The data:
:::

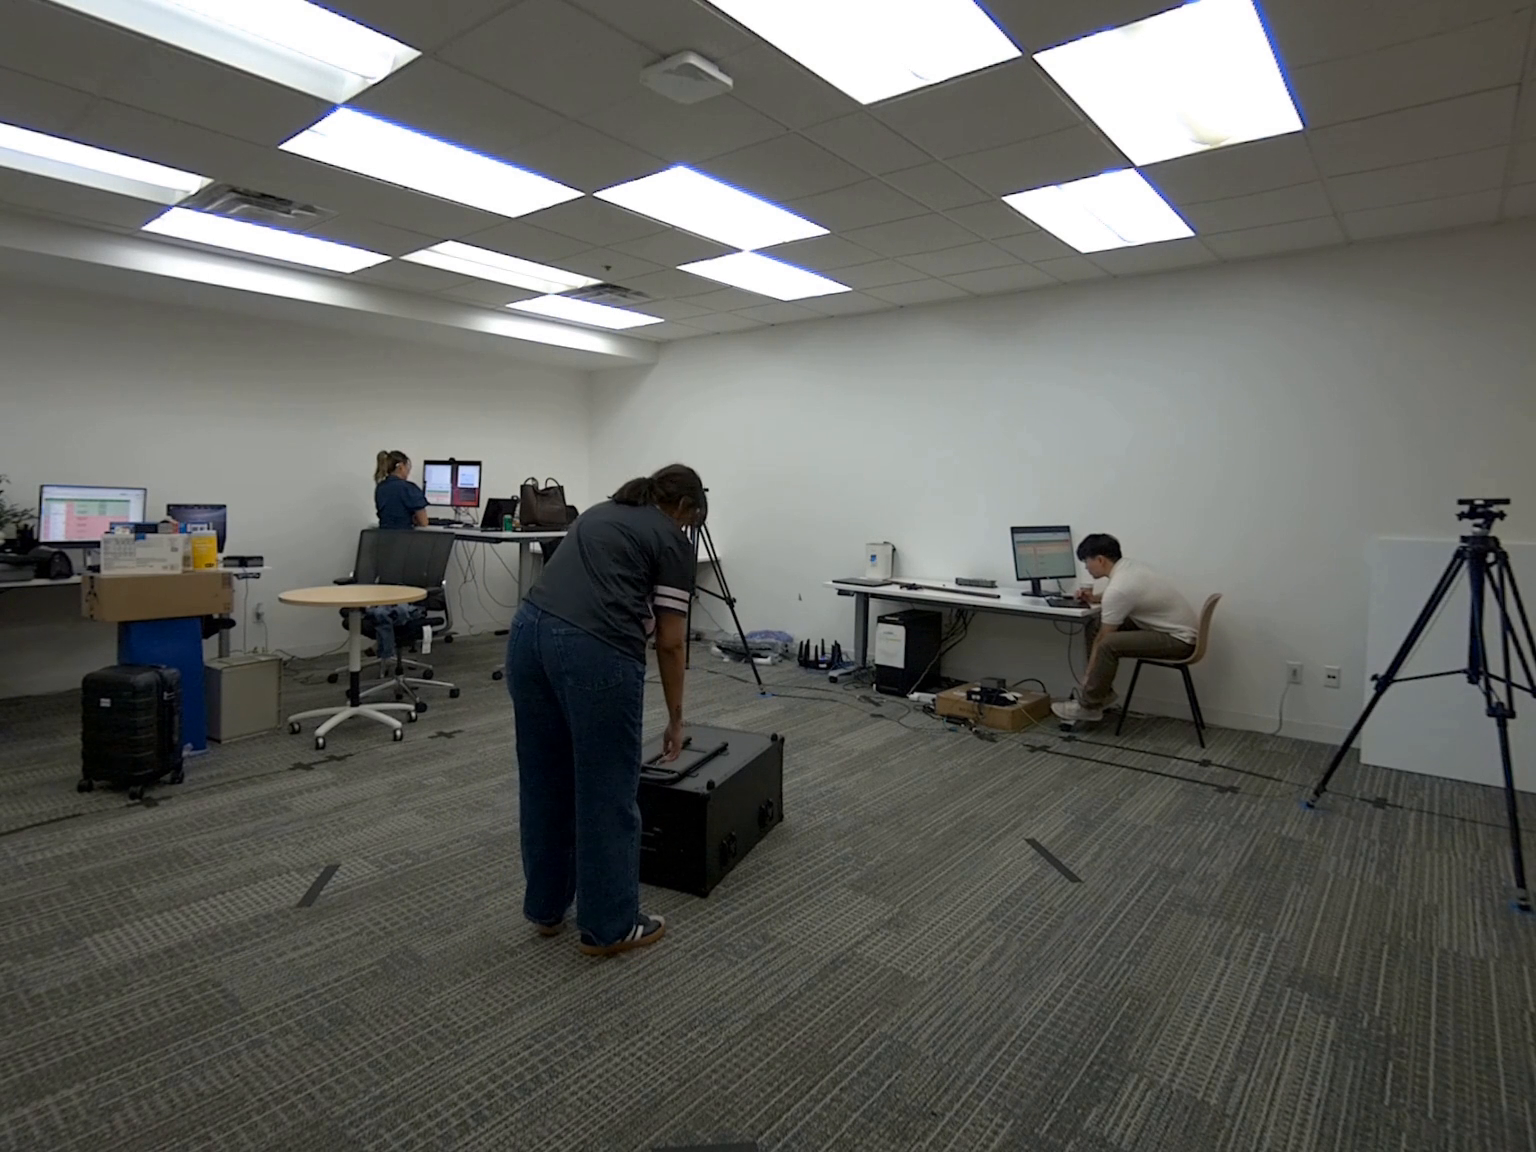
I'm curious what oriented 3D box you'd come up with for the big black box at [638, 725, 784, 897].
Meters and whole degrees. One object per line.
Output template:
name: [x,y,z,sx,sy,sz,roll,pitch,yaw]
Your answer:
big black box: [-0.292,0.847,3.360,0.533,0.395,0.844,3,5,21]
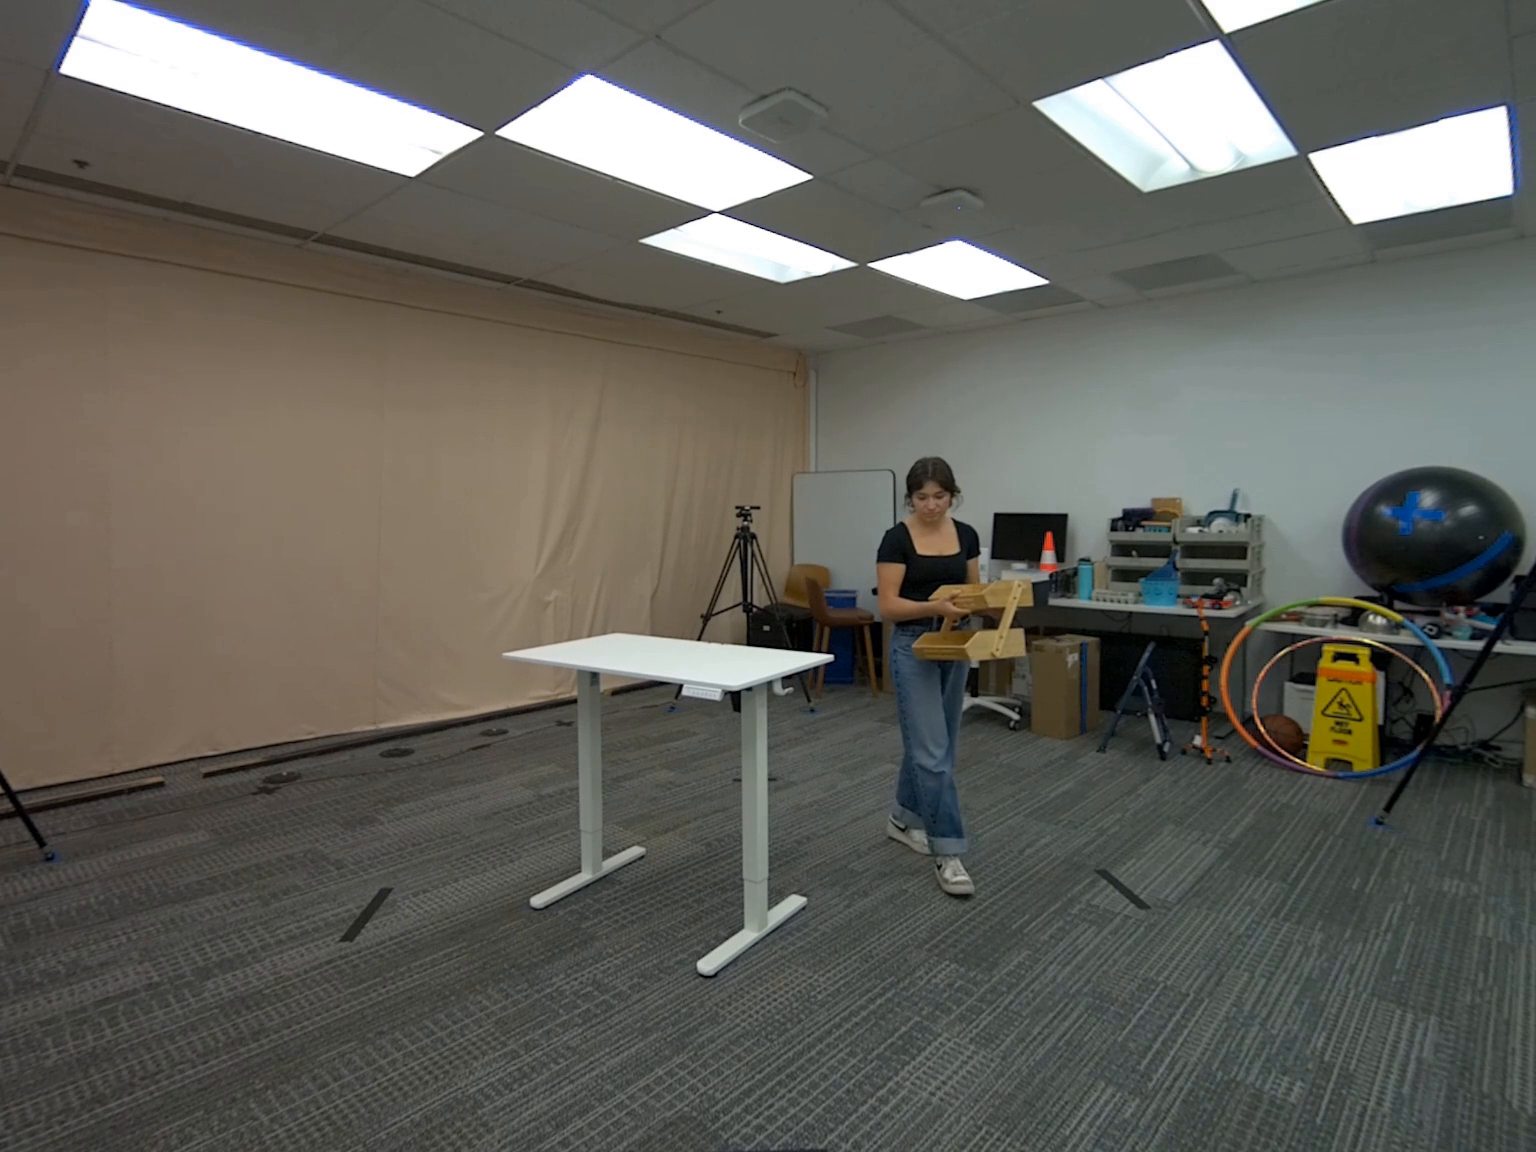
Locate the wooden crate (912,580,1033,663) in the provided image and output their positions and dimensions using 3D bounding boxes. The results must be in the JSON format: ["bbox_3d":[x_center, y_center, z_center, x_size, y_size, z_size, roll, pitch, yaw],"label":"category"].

:::

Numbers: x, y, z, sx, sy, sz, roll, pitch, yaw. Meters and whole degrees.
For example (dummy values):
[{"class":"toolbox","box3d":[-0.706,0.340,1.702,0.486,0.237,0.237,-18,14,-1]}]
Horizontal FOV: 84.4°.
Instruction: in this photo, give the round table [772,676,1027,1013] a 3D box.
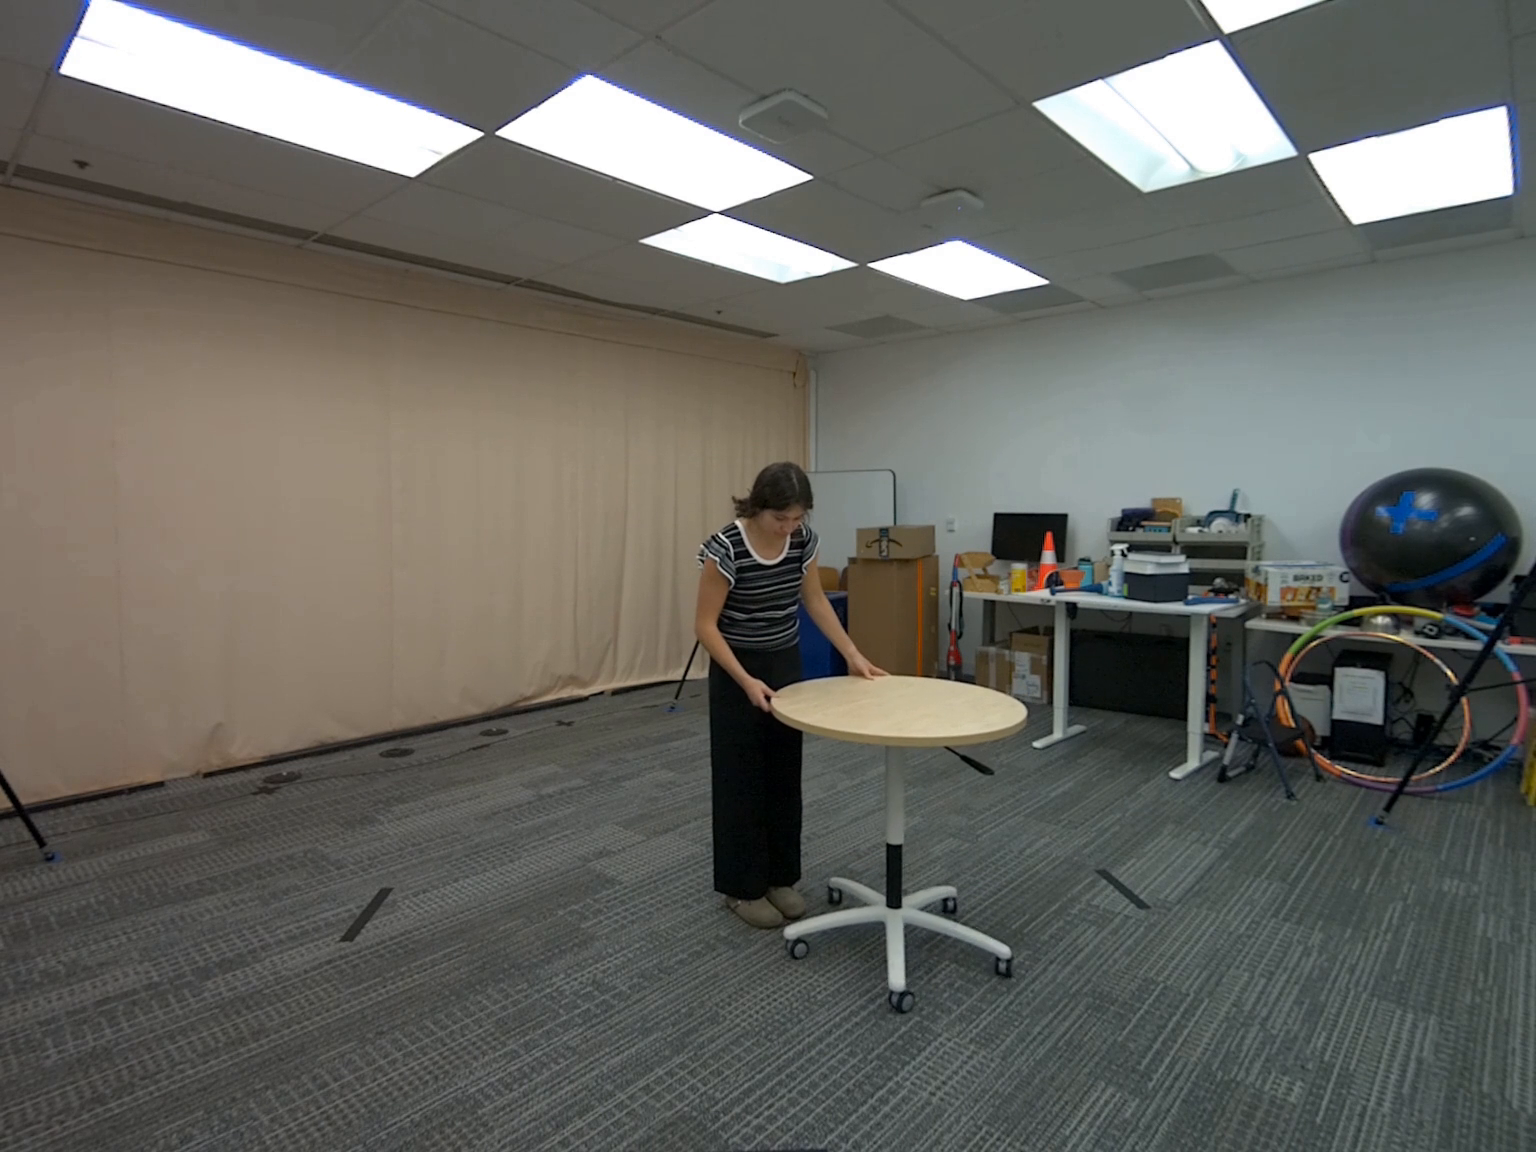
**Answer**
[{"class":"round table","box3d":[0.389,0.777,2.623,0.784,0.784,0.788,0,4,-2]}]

:::

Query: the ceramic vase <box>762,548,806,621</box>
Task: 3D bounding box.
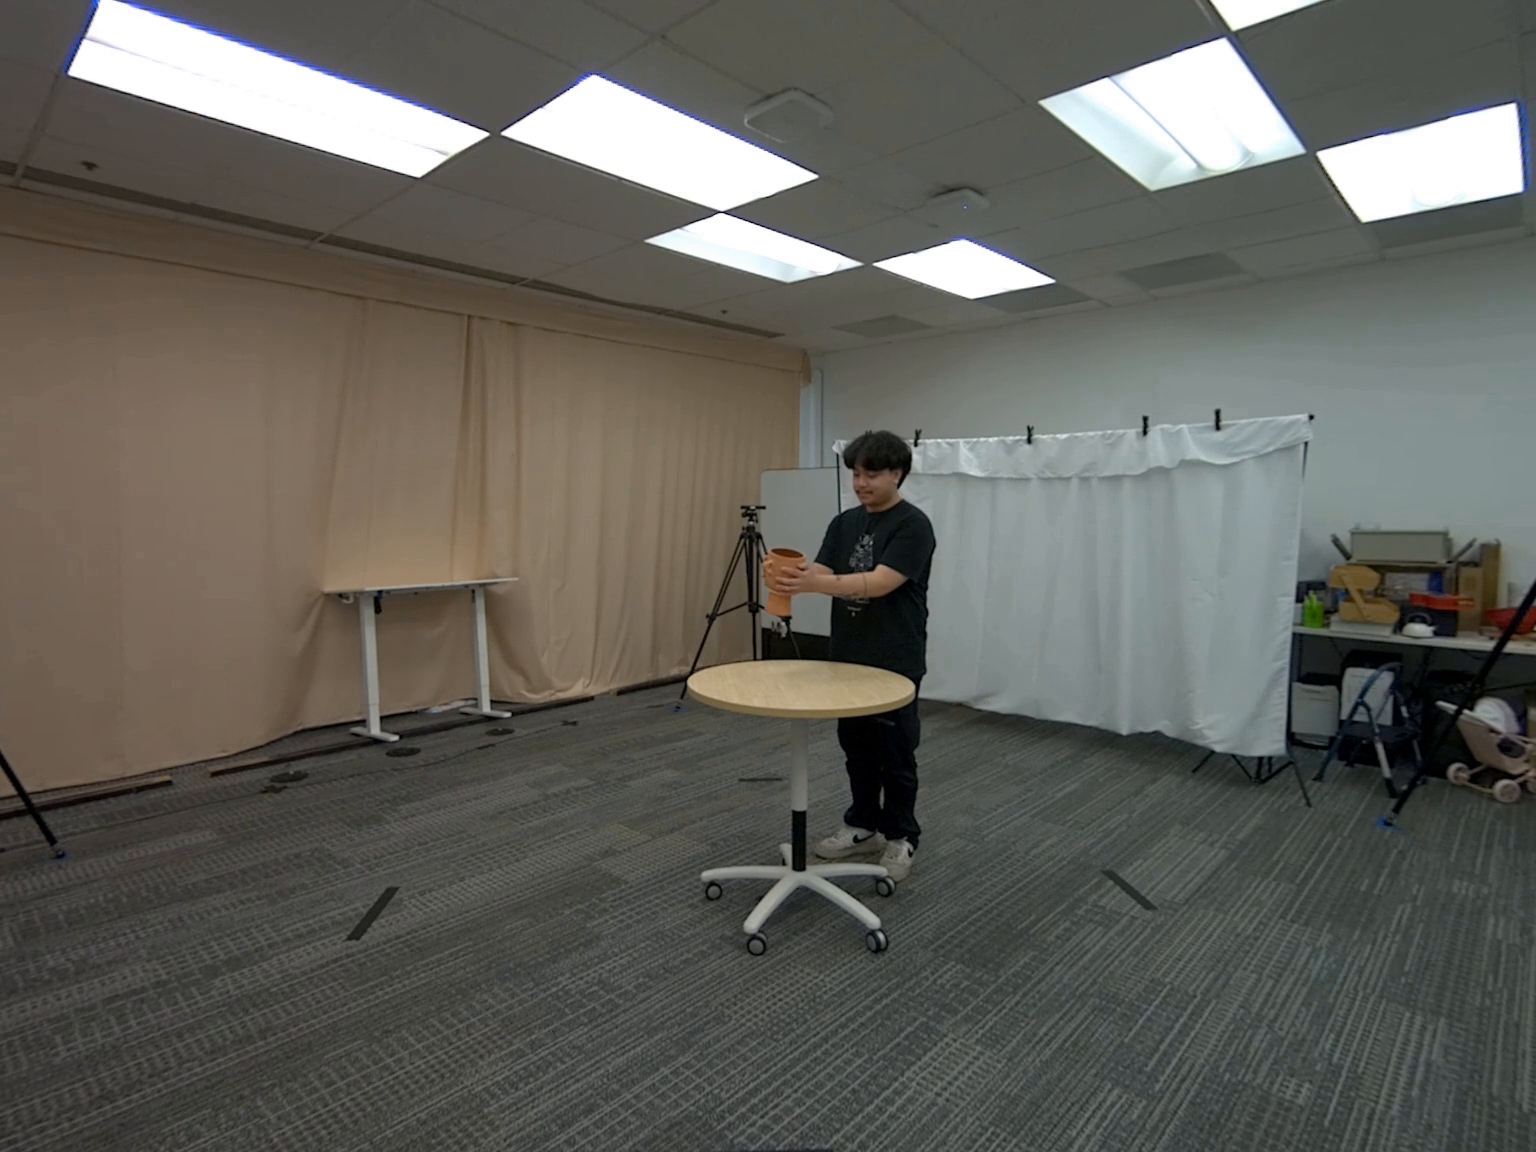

:::

Work instructions: Determine how many lines in the entries hold the string "pitch". Write only the number.

Response to the exercise: 3